Of course I listened with close attention and with deep interest to what the honorable Secretary said. When he had finished, I replied in about these words:

"Mr. Secretary, I fully appreciate the friendly interest you manifest in me, and I also appreciate what you are willing to do for me. If I have rendered you any services in the past, I can assure you that they were not rendered with the expectation that you would thereby be placed under any obligations to me whatever. If I preferred you to others in your own party it was because I believed in you the State would have the services of one of its best, most brilliant and most eloquent representatives. It was the good of the State and the best interests of its people rather than the personal advancement of an individual that actuated me. The exalted position now occupied by you I consider a confirmation of the wisdom of my decision. But the fact cannot be overlooked that while you are an able and influential leader in the Democratic party, I am, though not so able nor so influential, a leader,—locally, if not nationally,—in the Republican party. While I can neither hope nor expect to reach that point of honor and distinction in the Republican party that you have reached in the Democratic, I am just as proud of the position I occupy to-day as a Republican, as it is possible for you to be of yours as a Democrat. Even if it be true, as you predict—of course I do not agree with you—that the Republican party will be out of power for the next quarter of a century, or even if that party should never again come into power, that fact cannot and will not have the slightest weight with me. Therefore, I do not feel that you, as a member of a National Democratic Administration, can afford to tender me any position that I can see my way clear to accept. While I fully and keenly appreciate your friendly interest in me and your desire and willingness to serve me, I cannot accept the position you have so gracefully tendered me, nor can I accept any other you may see fit to offer me.

"But, if you want to render me a service, I can tell you wherein it can be done,—a service that will be just as much appreciated as any you can possibly render me. When I was a member of Congress I secured the appointment of quite a number of young colored men to clerkships in the Pension Bureau of your department. I understand that all these men have excellent records. If you will retain them in their positions I shall feel that you have repaid me for whatever you may think I have done for you in the past."

"That," the Secretary replied, "is a very reasonable request. Come to see me again in a day or two and bring a list of their names and I will then see just what I can do along those lines."
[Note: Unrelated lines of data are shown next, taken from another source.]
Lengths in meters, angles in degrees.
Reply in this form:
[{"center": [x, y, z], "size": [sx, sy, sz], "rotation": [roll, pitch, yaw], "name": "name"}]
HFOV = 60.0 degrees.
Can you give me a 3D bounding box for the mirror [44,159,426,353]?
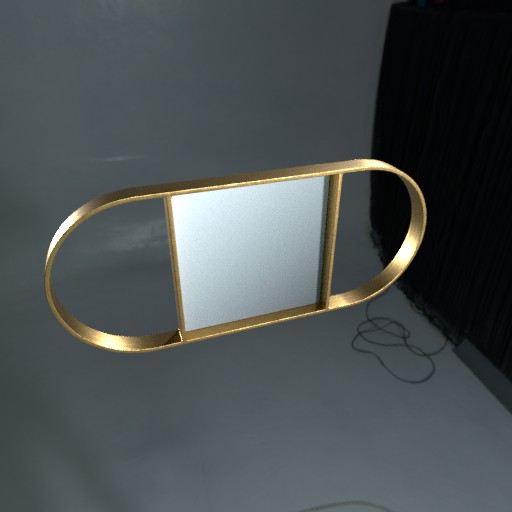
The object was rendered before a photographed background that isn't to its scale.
[{"center": [0.000, 0.000, 0.668], "size": [0.584, 0.254, 0.032], "rotation": [-10, 33, -16], "name": "mirror"}]
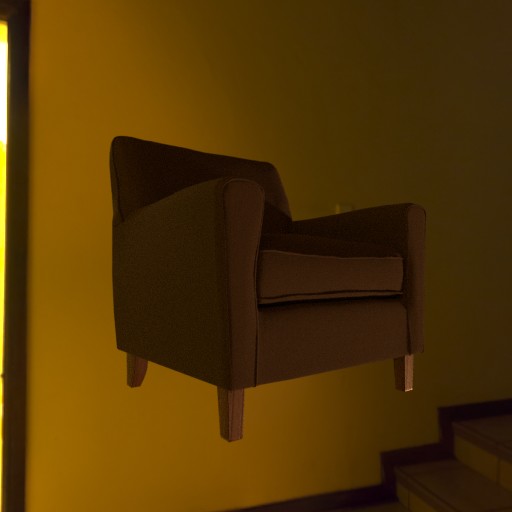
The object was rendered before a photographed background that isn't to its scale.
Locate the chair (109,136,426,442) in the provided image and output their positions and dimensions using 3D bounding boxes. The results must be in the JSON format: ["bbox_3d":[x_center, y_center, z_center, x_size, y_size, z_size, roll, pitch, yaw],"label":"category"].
[{"bbox_3d":[0.000,0.000,1.579,0.836,0.911,0.831,1,-2,-37],"label":"chair"}]
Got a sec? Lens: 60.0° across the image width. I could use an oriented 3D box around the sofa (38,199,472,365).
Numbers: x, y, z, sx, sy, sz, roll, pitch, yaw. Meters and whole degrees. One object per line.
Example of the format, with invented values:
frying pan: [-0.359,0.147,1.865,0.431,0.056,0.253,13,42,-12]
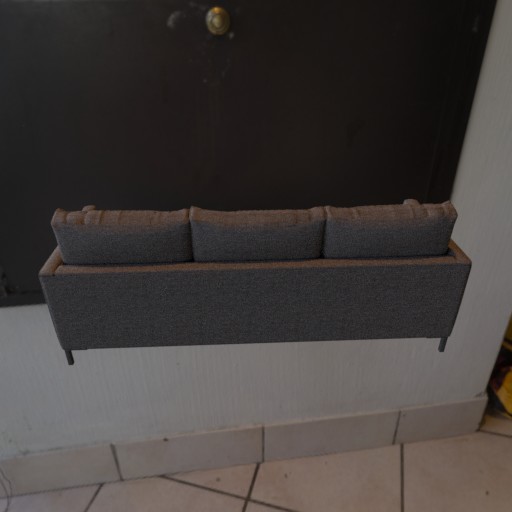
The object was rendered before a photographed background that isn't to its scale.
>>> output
sofa: [0.000,0.000,2.715,2.253,0.882,0.876,-1,30,-2]

I then bade Mr. Lamar good-bye and left his office. A few days later I returned with the list. But upon that list I had placed the names of two men who had not been appointed on my recommendation. One was a colored man, a physician; the other was a white man, a lawyer. The physician occupied a position that was in the line of his profession. The lawyer was a clerk in the Pension Bureau, who had been recently appointed upon the recommendation of Senator Bruce. The physician had been connected with the public service a long time. I knew both men favorably and felt that it was my duty to save them if in my power. Both were married and had interesting families.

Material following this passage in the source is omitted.